### [TASK GOAL]
Every line from the one with "I need you to locate the biggest" to the one with "okay so what is in [28,344,73,378]?", including those two, is to be copied exactly; all other lines of the entries below are left out.

Stored data entries
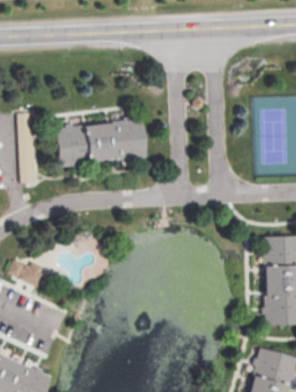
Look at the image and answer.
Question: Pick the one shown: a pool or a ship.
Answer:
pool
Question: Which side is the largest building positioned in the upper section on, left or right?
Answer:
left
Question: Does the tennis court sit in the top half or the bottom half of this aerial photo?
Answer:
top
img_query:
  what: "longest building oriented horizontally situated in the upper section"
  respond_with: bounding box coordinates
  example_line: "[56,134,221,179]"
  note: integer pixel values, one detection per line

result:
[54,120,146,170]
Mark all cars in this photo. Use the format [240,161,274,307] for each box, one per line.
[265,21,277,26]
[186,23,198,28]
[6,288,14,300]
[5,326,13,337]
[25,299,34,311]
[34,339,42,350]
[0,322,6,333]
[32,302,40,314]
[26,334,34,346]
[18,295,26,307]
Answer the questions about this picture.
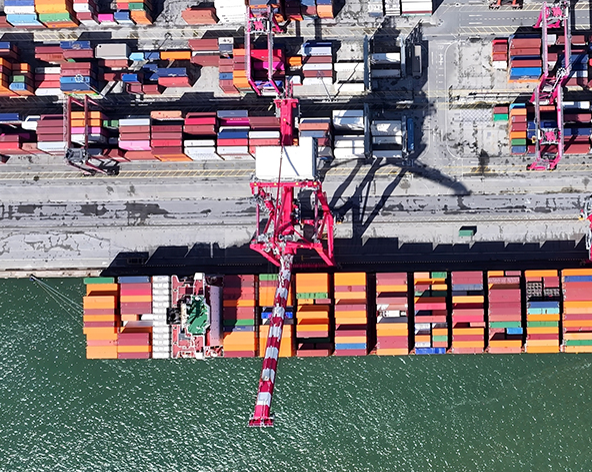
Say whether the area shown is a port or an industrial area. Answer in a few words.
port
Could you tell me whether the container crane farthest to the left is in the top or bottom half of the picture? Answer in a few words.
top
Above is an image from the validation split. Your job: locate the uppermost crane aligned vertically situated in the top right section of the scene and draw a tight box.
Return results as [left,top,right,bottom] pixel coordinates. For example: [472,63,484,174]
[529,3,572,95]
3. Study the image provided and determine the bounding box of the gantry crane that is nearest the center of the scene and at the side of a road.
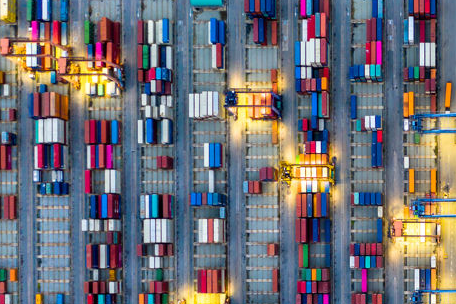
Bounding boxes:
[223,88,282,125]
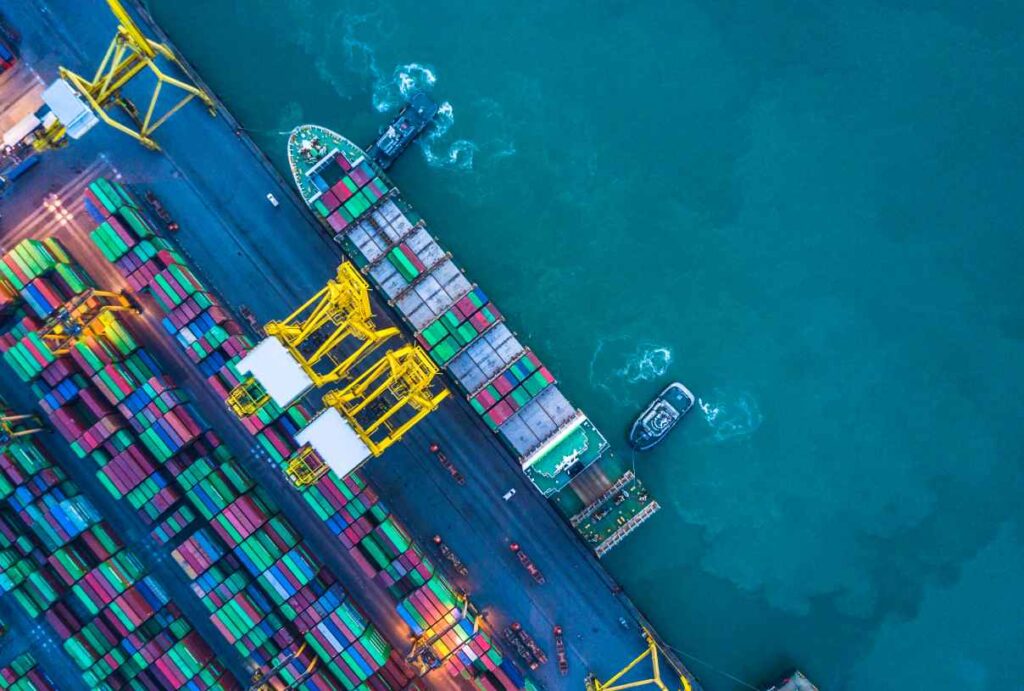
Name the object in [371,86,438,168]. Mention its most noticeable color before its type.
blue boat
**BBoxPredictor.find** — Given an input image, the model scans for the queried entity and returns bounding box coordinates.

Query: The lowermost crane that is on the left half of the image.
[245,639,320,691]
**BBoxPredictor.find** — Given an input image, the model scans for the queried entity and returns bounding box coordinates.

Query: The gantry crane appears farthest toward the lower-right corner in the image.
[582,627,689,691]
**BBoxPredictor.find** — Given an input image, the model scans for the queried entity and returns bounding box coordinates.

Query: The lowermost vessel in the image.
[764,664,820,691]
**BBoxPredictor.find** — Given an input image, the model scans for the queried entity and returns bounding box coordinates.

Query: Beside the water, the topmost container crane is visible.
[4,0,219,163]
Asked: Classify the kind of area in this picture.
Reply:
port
---
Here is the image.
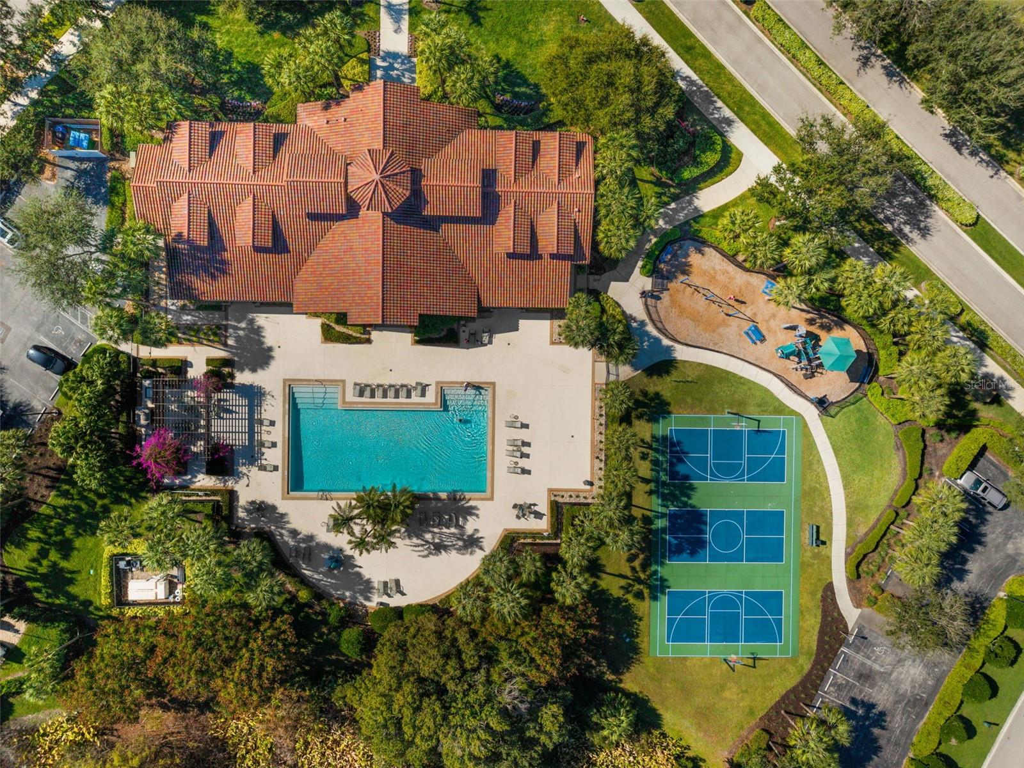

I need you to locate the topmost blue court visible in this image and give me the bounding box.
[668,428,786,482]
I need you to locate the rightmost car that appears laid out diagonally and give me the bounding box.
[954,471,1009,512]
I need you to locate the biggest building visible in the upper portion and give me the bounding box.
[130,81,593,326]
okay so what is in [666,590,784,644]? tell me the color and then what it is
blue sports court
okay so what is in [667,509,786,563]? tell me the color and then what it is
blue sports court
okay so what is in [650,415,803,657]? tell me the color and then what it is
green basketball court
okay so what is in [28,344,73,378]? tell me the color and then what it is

### [RESPONSE FOR THIS EXERCISE]
I need you to locate the biggest building visible in the upper portion and give me the bounding box.
[130,81,593,326]
okay so what is in [666,590,784,644]? tell me the color and then what it is
blue sports court
okay so what is in [667,509,786,563]? tell me the color and then what it is
blue sports court
okay so what is in [650,415,803,657]? tell me the color and then what it is
green basketball court
okay so what is in [28,344,73,378]? tell me the color and then what it is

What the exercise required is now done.